[Source data]

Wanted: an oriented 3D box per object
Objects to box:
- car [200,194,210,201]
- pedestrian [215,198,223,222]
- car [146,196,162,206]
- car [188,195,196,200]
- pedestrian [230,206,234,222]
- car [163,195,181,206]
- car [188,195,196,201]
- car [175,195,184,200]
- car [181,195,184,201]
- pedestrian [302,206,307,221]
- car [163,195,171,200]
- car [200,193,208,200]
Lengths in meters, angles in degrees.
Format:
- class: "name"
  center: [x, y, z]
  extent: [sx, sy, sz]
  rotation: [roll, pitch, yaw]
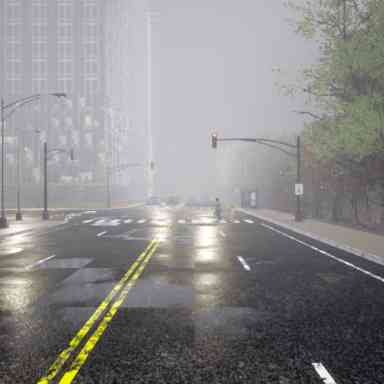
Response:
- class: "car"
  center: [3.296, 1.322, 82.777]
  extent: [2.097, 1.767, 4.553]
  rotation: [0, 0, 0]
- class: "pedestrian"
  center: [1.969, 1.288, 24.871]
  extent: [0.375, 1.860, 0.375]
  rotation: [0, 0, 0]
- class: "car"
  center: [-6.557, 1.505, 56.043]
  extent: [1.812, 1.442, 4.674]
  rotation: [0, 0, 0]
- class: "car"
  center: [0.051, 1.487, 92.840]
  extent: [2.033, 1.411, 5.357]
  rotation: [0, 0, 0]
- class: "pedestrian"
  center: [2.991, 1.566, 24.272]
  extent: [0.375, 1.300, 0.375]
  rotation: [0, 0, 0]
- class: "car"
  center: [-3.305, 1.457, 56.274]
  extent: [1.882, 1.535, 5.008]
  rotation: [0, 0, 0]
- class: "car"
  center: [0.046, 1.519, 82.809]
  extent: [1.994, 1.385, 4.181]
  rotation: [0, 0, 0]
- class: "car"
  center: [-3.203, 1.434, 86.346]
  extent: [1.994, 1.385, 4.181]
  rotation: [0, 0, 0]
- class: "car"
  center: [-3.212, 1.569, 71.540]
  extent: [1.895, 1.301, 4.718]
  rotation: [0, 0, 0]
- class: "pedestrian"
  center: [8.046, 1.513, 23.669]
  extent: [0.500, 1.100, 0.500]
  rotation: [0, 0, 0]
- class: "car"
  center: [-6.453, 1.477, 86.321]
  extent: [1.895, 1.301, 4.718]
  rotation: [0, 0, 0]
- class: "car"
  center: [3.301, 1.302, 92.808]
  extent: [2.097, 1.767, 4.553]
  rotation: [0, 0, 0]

[/Source data]
[Source data]

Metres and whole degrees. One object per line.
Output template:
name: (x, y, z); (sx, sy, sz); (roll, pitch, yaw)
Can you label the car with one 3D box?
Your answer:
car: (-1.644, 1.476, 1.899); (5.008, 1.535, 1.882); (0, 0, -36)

[/Source data]
[Source data]

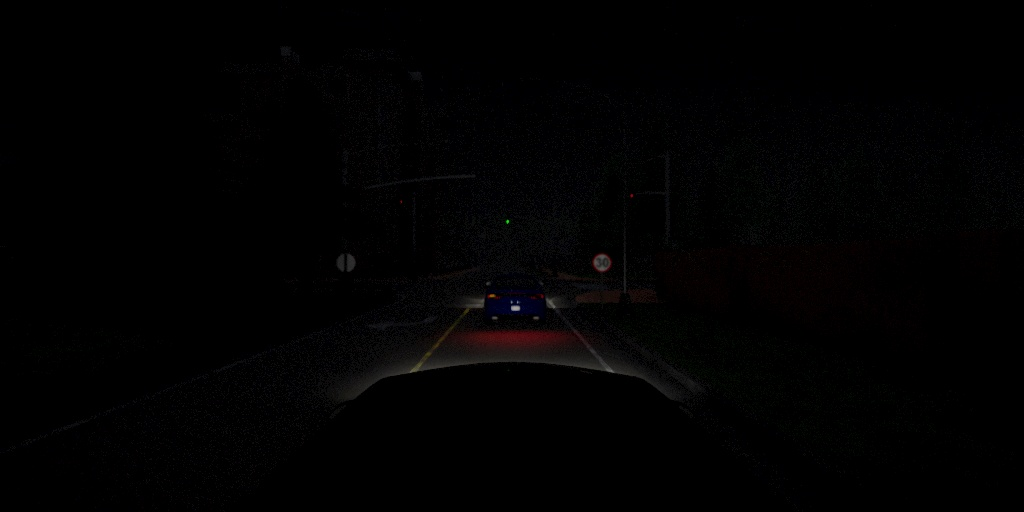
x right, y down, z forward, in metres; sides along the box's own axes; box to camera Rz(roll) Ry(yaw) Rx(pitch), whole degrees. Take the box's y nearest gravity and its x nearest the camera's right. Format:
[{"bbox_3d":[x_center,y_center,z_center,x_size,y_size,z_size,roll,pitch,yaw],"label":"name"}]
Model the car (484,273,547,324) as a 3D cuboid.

[/Source data]

Copy out each line in the listing that has the word "whole".

Metres and whole degrees. One object per line.
x right, y down, z forward, in metres; sides along the box's own axes; box to camera Rz(roll) Ry(yaw) Rx(pitch), whole degrees. Take the box's y nearest gravity and its x nearest the camera's right. Format:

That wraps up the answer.